> Action item:
Keep each line of the material that includes "public", and leave out the rest.

> Data in this exercise:
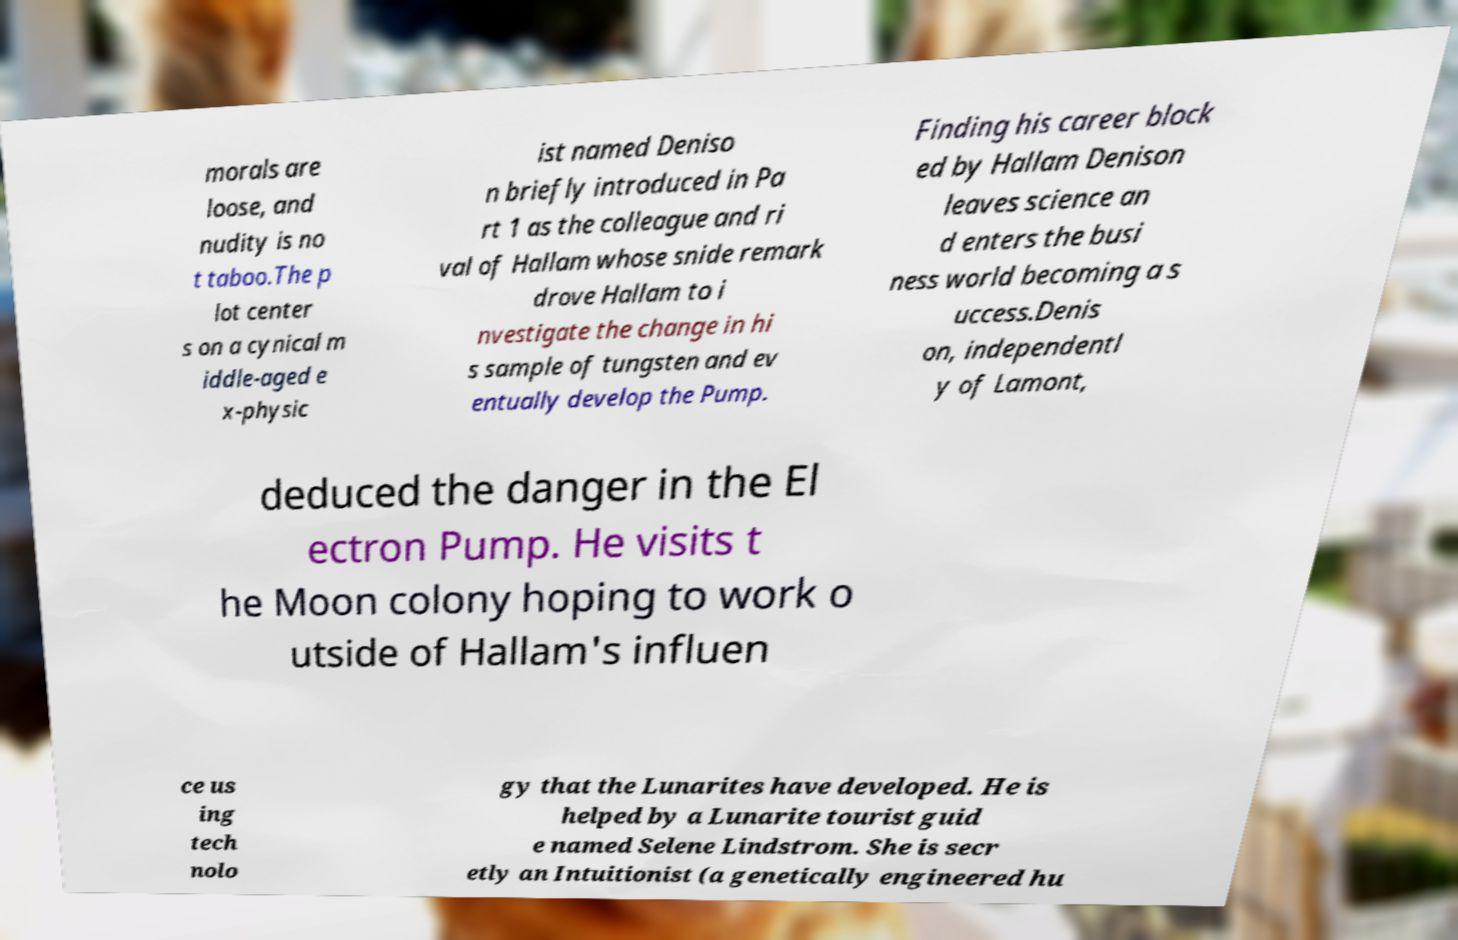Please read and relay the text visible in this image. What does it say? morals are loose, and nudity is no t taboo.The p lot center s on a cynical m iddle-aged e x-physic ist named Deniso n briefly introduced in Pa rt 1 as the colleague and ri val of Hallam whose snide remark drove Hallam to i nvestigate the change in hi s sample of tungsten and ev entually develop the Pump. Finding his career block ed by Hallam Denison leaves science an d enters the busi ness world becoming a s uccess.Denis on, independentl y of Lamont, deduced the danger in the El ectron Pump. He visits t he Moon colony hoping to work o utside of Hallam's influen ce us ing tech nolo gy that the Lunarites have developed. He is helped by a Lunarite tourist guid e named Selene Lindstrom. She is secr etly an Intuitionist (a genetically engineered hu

--

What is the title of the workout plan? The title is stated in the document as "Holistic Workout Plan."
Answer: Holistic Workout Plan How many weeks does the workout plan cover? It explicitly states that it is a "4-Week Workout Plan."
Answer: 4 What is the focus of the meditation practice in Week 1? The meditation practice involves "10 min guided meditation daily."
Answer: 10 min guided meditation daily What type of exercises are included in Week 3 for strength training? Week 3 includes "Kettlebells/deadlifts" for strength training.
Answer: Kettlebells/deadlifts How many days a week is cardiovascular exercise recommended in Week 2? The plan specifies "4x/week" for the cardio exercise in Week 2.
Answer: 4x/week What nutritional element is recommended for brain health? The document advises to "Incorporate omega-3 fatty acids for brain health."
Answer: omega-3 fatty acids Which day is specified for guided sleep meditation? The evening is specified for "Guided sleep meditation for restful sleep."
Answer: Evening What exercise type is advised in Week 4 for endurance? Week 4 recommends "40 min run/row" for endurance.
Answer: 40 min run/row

...

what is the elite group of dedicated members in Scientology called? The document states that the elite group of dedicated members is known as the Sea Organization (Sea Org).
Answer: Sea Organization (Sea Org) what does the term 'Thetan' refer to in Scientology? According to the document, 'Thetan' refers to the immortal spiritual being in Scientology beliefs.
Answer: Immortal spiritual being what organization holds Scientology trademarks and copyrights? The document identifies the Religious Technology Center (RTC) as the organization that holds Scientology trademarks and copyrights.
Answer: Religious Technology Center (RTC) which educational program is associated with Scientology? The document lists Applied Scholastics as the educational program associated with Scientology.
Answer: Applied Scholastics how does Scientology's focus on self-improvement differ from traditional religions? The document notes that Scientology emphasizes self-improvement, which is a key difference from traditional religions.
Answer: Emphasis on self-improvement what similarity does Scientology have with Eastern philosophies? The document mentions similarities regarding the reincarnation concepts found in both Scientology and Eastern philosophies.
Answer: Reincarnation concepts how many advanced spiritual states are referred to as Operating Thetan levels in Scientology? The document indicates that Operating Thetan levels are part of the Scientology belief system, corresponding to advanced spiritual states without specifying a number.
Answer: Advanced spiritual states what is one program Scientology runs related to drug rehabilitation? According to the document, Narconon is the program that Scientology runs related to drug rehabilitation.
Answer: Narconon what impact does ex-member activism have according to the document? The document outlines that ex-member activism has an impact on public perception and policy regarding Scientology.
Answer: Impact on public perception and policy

> Reply to the task:
Answer: Narconon what impact does ex-member activism have according to the document? The document outlines that ex-member activism has an impact on public perception and policy regarding Scientology.
Answer: Impact on public perception and policy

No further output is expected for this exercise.